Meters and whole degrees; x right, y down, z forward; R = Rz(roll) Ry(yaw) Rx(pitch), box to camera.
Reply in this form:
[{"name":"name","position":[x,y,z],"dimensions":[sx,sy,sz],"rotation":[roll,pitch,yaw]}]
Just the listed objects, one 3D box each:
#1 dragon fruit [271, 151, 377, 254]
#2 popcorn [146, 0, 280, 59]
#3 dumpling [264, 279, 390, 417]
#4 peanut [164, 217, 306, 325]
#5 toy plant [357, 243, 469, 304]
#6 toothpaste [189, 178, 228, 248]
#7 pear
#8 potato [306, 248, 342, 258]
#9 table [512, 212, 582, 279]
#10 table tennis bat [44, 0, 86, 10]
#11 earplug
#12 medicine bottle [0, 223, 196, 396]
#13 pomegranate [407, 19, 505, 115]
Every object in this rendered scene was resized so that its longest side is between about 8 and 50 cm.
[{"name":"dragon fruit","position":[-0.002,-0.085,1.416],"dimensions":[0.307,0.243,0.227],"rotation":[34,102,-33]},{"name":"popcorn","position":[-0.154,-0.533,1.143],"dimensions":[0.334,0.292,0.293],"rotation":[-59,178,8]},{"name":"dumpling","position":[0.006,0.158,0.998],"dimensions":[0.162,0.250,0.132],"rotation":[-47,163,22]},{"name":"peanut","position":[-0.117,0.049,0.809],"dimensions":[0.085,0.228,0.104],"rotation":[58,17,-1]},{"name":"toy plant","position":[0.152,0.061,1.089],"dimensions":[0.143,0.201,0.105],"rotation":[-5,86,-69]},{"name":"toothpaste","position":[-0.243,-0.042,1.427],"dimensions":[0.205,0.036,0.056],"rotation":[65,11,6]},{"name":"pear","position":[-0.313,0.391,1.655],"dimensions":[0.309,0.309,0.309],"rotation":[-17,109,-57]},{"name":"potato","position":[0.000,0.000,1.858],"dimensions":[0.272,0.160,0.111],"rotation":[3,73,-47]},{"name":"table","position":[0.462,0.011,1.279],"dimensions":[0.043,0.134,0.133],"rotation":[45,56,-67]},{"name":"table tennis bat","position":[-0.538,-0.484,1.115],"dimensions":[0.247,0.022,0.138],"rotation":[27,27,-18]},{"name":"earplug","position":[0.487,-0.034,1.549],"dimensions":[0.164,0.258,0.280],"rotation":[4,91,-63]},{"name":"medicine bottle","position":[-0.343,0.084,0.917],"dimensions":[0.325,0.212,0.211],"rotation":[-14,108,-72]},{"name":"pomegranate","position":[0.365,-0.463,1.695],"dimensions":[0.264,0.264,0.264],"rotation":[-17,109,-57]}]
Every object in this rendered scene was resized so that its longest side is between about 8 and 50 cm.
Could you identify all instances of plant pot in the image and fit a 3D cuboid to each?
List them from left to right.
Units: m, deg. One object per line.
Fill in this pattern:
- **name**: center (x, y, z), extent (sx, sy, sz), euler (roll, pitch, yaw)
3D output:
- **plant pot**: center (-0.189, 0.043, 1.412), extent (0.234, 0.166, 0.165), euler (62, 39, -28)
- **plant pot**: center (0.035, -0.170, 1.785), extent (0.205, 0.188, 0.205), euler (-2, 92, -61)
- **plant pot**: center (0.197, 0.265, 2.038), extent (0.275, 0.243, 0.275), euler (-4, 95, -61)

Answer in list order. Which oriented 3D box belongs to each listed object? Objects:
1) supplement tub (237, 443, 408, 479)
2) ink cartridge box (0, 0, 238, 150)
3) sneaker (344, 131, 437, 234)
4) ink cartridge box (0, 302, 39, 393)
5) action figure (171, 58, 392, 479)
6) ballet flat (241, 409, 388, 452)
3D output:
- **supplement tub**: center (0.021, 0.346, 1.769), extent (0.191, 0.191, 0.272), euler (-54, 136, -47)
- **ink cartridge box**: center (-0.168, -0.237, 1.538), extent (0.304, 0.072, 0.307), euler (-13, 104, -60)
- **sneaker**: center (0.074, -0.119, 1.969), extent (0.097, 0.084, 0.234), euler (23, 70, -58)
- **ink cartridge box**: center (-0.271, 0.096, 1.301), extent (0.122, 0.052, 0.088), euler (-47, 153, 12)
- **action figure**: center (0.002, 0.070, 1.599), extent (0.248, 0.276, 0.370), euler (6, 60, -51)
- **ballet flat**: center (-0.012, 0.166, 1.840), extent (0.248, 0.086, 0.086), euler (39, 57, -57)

The problem =>
Tell me how many lines of the data hold the word "pitch", giving only the number.

Solution below =>
3